All of a sudden he sees an object sticking out of the sand 6 feet ahead of him. He crawls to the object, pulls it out of the sand and discovers what looks to be an old brief case. He opens it and out pops a genie, but this is no ordinary genie. He is a dull looking character, wearing an Inland Revenue ID badge and a naff grey suit. There's a calculator in his pocket, and a pencil tucked behind one ear.
"Well, kid," drones the monotone genie. "You know how it works. You have three wishes."
"I'm not falling for that old chestnut," replies the weary man. "I'm not going to trust a tax inspector!"
"What do you have to lose?

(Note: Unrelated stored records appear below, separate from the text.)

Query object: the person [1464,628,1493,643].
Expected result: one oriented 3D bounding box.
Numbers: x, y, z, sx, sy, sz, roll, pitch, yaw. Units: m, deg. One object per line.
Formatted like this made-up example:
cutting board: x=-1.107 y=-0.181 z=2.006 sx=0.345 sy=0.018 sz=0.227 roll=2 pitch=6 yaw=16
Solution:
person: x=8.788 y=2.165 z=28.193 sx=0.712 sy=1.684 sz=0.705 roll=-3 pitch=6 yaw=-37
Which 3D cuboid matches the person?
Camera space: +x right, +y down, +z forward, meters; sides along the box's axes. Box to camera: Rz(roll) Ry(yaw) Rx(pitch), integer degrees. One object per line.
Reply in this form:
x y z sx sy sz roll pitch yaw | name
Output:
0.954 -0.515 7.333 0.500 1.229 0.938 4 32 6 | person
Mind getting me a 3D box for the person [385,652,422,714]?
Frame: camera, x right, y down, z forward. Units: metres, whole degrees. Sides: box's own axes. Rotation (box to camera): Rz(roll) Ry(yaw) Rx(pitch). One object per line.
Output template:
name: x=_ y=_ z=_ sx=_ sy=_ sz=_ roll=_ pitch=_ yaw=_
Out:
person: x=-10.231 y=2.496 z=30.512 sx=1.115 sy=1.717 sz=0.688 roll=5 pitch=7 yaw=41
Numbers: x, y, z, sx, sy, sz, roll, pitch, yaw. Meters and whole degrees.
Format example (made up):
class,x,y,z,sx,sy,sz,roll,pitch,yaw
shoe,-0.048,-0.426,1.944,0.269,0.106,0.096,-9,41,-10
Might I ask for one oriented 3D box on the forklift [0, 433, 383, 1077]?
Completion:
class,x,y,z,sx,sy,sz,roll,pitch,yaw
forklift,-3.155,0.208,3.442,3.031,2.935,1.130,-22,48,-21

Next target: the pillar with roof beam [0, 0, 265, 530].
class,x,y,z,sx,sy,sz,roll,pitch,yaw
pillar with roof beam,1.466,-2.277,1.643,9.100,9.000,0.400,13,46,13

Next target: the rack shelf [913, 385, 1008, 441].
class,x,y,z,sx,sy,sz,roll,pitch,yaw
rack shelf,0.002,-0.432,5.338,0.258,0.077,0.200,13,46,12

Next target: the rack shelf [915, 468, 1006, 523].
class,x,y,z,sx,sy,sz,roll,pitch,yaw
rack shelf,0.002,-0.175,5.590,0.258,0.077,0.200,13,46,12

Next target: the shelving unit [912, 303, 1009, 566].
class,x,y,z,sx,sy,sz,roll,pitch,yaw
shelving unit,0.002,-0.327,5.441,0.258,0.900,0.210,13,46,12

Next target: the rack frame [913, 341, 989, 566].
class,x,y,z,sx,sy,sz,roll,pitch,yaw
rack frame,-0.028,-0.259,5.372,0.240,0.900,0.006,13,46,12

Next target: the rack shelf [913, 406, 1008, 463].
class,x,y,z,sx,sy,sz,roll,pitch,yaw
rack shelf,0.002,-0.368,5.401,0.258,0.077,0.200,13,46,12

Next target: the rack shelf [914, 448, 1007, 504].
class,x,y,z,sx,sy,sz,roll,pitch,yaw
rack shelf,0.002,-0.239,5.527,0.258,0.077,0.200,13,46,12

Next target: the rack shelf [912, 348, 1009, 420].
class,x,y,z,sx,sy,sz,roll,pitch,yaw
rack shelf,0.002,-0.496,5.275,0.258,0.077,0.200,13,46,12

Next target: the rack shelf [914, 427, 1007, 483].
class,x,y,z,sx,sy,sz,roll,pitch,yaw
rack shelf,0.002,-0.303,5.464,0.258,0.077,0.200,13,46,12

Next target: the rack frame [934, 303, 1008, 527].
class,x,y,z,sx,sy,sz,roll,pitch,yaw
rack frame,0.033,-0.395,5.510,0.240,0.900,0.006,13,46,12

You've got no transportation, and it looks like you're a gonna die anyway!"
Sighing, the man thinks about this for a minute, and decides that the dull genie is right.
"OK, I wish I were in a lush oasis with plentiful food and drink".
********** P O O F **********
The man finds himself in the most beautiful oasis he has ever seen, and he is surrounded with carafes of vino superior and platters of Marks & Spencer delicacies.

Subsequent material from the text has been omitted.